第5話 エルフ現る
僕はうつむいたまま動けずにいた。
キューーン
鳴き声がする。昨日から聞こえていた声だ。目の前の人とは違う方向から聞こえる。もしかして、鳴き声の正体は化け物ではなくて人間?いや、あれ?どうなっている?
「おい、推理しているところ悪いが立て。あと今鳴いているのは私の相棒だ。」
そうか、思考が読まれているんだったな。
これはなす術がなさそうだ。しかも鳴き声の正体がこの人の相棒だと知れて安心した。相棒って、いわゆるペットのことだろうか。

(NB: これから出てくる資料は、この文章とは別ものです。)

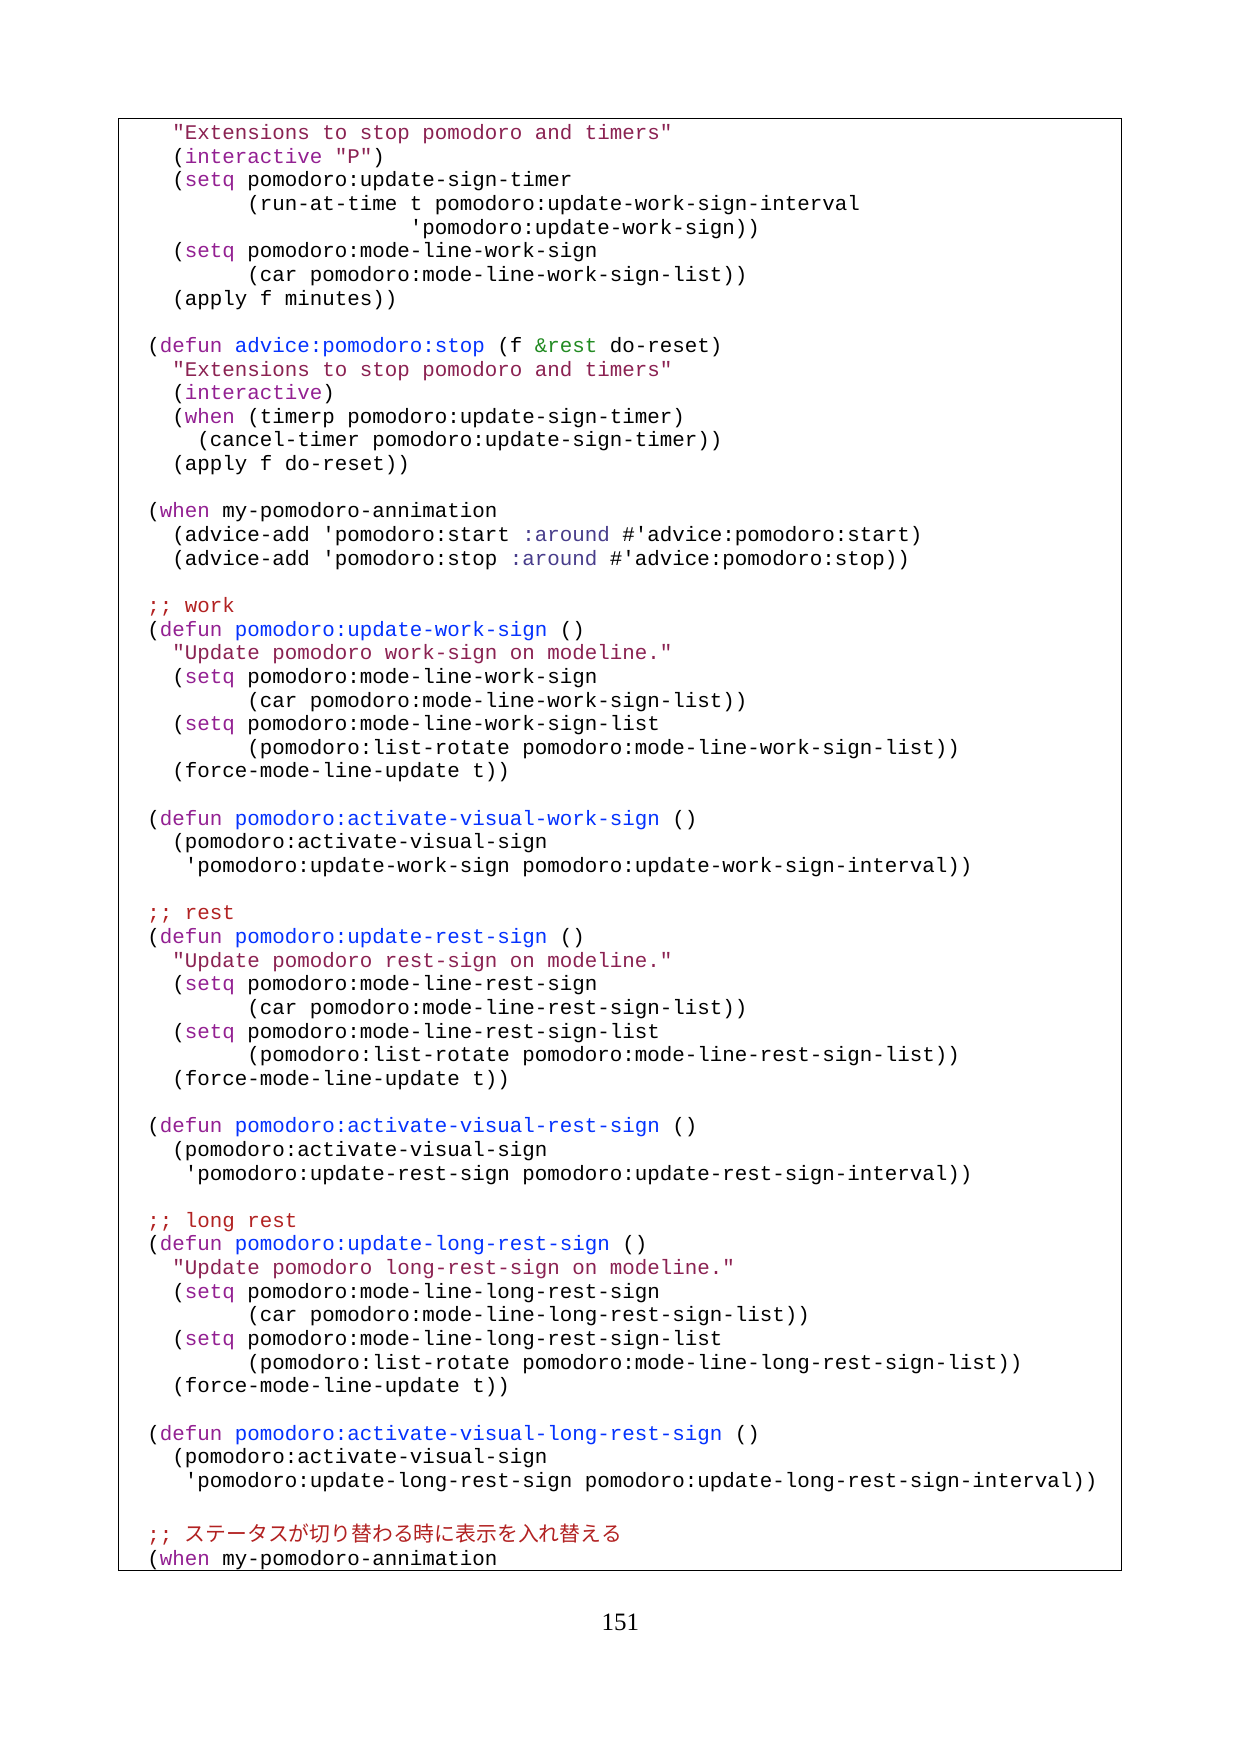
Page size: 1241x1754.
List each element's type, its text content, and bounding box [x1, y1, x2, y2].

text (defun pomodoro:update-long-rest-sign () [119, 1229, 1121, 1253]
text "Update pomodoro rest-sign on modeline." [119, 946, 1121, 969]
text (apply f do-reset)) [119, 449, 1121, 473]
text (pomodoro:list-rotate pomodoro:mode-line-rest-sign-list)) [119, 1040, 1121, 1064]
text (setq pomodoro:mode-line-rest-sign-list [119, 1017, 1121, 1040]
text (defun pomodoro:update-rest-sign () [119, 922, 1121, 946]
text "Update pomodoro long-rest-sign on modeline." [119, 1253, 1121, 1277]
text (setq pomodoro:update-sign-timer [119, 165, 1121, 189]
text (defun pomodoro:update-work-sign () [119, 615, 1121, 638]
text (cancel-timer pomodoro:update-sign-timer)) [119, 426, 1121, 449]
text ;; rest [119, 898, 1121, 922]
text (setq pomodoro:mode-line-work-sign-list [119, 709, 1121, 733]
text (when my-pomodoro-annimation [119, 496, 1121, 520]
text (car pomodoro:mode-line-work-sign-list)) [119, 260, 1121, 284]
text (pomodoro:activate-visual-sign [119, 1135, 1121, 1158]
text (apply f minutes)) [119, 284, 1121, 307]
text (defun pomodoro:activate-visual-work-sign () [119, 804, 1121, 827]
text (car pomodoro:mode-line-work-sign-list)) [119, 686, 1121, 709]
text (pomodoro:activate-visual-sign [119, 827, 1121, 851]
text ;; work [119, 591, 1121, 615]
text (pomodoro:list-rotate pomodoro:mode-line-long-rest-sign-list)) [119, 1348, 1121, 1371]
text (setq pomodoro:mode-line-long-rest-sign-list [119, 1324, 1121, 1348]
text (when my-pomodoro-annimation [119, 1544, 1121, 1570]
text "Extensions to stop pomodoro and timers" [119, 354, 1121, 378]
text (when (timerp pomodoro:update-sign-timer) [119, 402, 1121, 426]
text "Update pomodoro work-sign on modeline." [119, 638, 1121, 662]
text (car pomodoro:mode-line-rest-sign-list)) [119, 993, 1121, 1017]
text (setq pomodoro:mode-line-work-sign [119, 662, 1121, 686]
text (setq pomodoro:mode-line-rest-sign [119, 969, 1121, 993]
text (setq pomodoro:mode-line-long-rest-sign [119, 1277, 1121, 1300]
text (advice-add 'pomodoro:stop :around #'advice:pomodoro:stop)) [119, 544, 1121, 567]
text "Extensions to stop pomodoro and timers" [119, 119, 1121, 142]
text (defun advice:pomodoro:stop (f &rest do-reset) [119, 331, 1121, 354]
text ;; long rest [119, 1206, 1121, 1229]
text (defun pomodoro:activate-visual-rest-sign () [119, 1111, 1121, 1135]
text (pomodoro:activate-visual-sign [119, 1442, 1121, 1466]
text (car pomodoro:mode-line-long-rest-sign-list)) [119, 1300, 1121, 1324]
text (interactive "P") [119, 142, 1121, 165]
text 'pomodoro:update-rest-sign pomodoro:update-rest-sign-interval)) [119, 1158, 1121, 1182]
text (advice-add 'pomodoro:start :around #'advice:pomodoro:start) [119, 520, 1121, 544]
text ;; ステータスが切り替わる時に表示を入れ替える [119, 1513, 1121, 1544]
text (run-at-time t pomodoro:update-work-sign-interval [119, 189, 1121, 213]
text 'pomodoro:update-long-rest-sign pomodoro:update-long-rest-sign-interval)) [119, 1466, 1121, 1489]
text (defun pomodoro:activate-visual-long-rest-sign () [119, 1419, 1121, 1442]
text (force-mode-line-update t)) [119, 1064, 1121, 1088]
text 'pomodoro:update-work-sign)) [119, 213, 1121, 236]
text (interactive) [119, 378, 1121, 402]
text (pomodoro:list-rotate pomodoro:mode-line-work-sign-list)) [119, 733, 1121, 757]
text (force-mode-line-update t)) [119, 757, 1121, 780]
text (setq pomodoro:mode-line-work-sign [119, 236, 1121, 260]
text (force-mode-line-update t)) [119, 1371, 1121, 1395]
text 'pomodoro:update-work-sign pomodoro:update-work-sign-interval)) [119, 851, 1121, 875]

僕は初めて目を開けた。目の前にはやはり人が立っていた。
見上げる。
かわいい。
これは...これがこの世に存在していいものか?今まで会ってきた美人が不細工に見えてしまうほどの美貌の持ち主だ。
これは、かわいいのか?いや、それを超えている...。
「何をじっと見ている!まったく、これだから人間は。」
人間は?この方人間じゃないのか?
よく観察してみる。
耳が、長い。
もしかして、これはエルフという存在か?
エルフの向こうには馬のような生き物がいる。馬のようで馬でない。
あれは何か、今の僕に答えは出せない。唯一言えるとしたら、"化け物"。これだけだ。
しかし同時に、子供の頃に描いた騎士の馬の絵に命を吹き込んだような姿をしている。
馬の背丈は軽く3メートルを超え、筋肉が目に見えて大きい。全身は青白く光り、肩まで伸びる鬣は淡い赤色に光っている。胴には馬具をつけて人が乗れるようになっている。
僕は思わず見惚れてしまった。
「いい馬だろう。自慢の相棒だ。」
エルフが言う。心なしかこちらに向けていた殺気が薄れているように感じる。
このエルフ、自分が美しいと気がついていないのだろうか。全く自分をよく見せようとしていない。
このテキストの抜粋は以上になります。